Blogs > Cliopatria > Things Not Yet Noted

Jun 11, 2006

Things Not Yet Noted




A symposium on wikipedia, with contributions by David Shariatmadari, Robert McHenry, and Jaron Lanier.

Allan Mallinson,"A Century of Slaughter," Times Online, 27 May, reviews Niall Ferguson's The War of the World. Ethnic conflict, economic volatility, and decaying empires were the context for the most violent of centuries, says Fergusson. His book anticipates a six part series on British television.

Ronald Steel,"All You Need is Love," New York Review of Books, 22 June, reviews Michael Kazin's A Godly Hero: The Life of William Jennings Bryan."... what makes [Bryan] seem a figure of our very own times," says Steel,"is his ostentatious public piety and his relentless infusion of religion into politics." (subscriber only)

"Blogs and Free Speech," WorldPress.org, 6 June, is an overview of blogging as a world-wide phenomenon: 20 million blogs tracked by services like Technorati, 37 million known to exist, a new one created each second, but that can't even include China's estimated 37 million.

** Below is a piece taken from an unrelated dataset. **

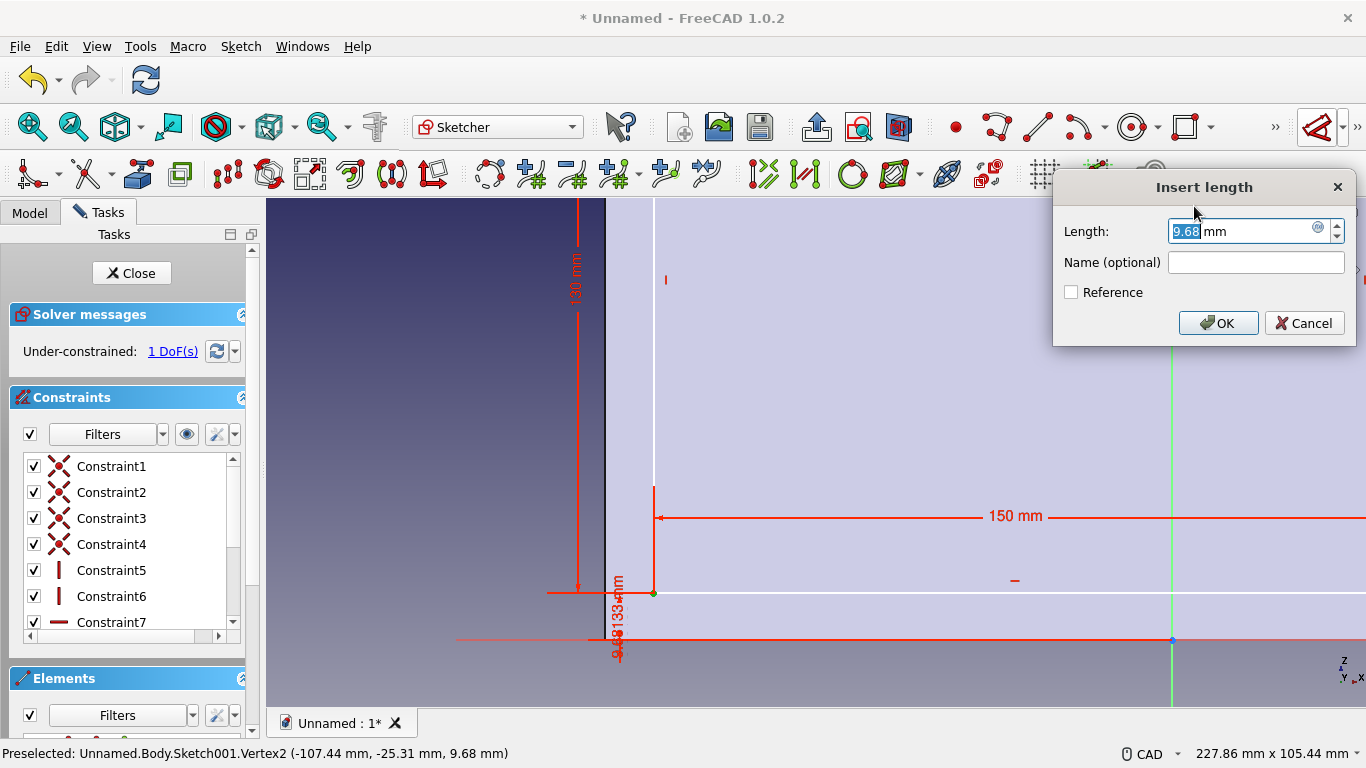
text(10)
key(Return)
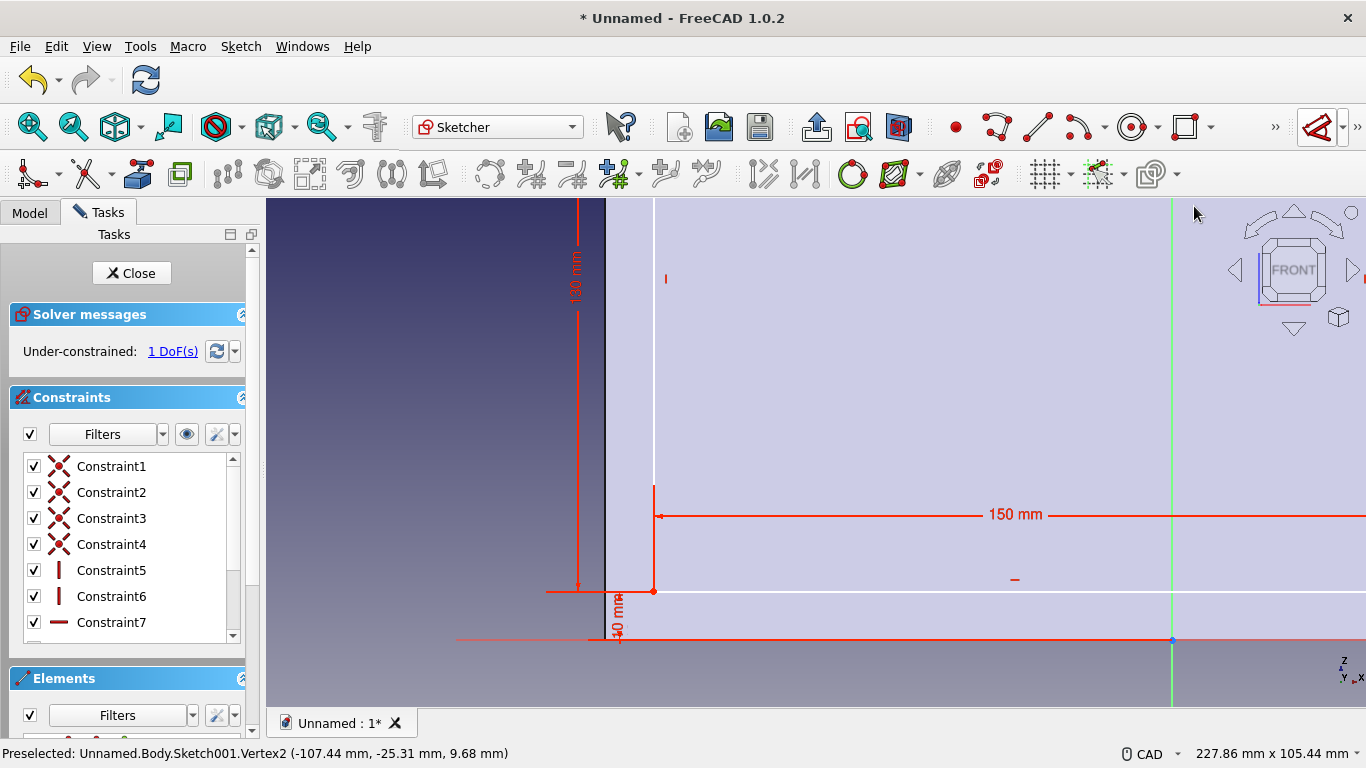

Traditional 'predators of press freedom' — Belarus, Burma, Cuba, Iran, Libya, the Maldives, Nepal, North Korea, Saudi Arabia, Syria, Tunisia, Turkmenistan, Uzbekistan and Vietnam — all censor the Internet now. In 2003, only China, Vietnam and the Maldives had imprisoned cyber-dissidents. Now more countries do.

Cliopatria has readers in all of those countries, except North Korea and Turkmenistan. Via Alfredo Perez at Political Theory Daily Review.

Finally,"The History Boys," which ran from May 2004 to April 2005 at London's National Theater and is currently in NYC, appears set to be a big winner at tonight's Tony Awards, which will be handed out in a three hour extravaganza broadcast on CBS.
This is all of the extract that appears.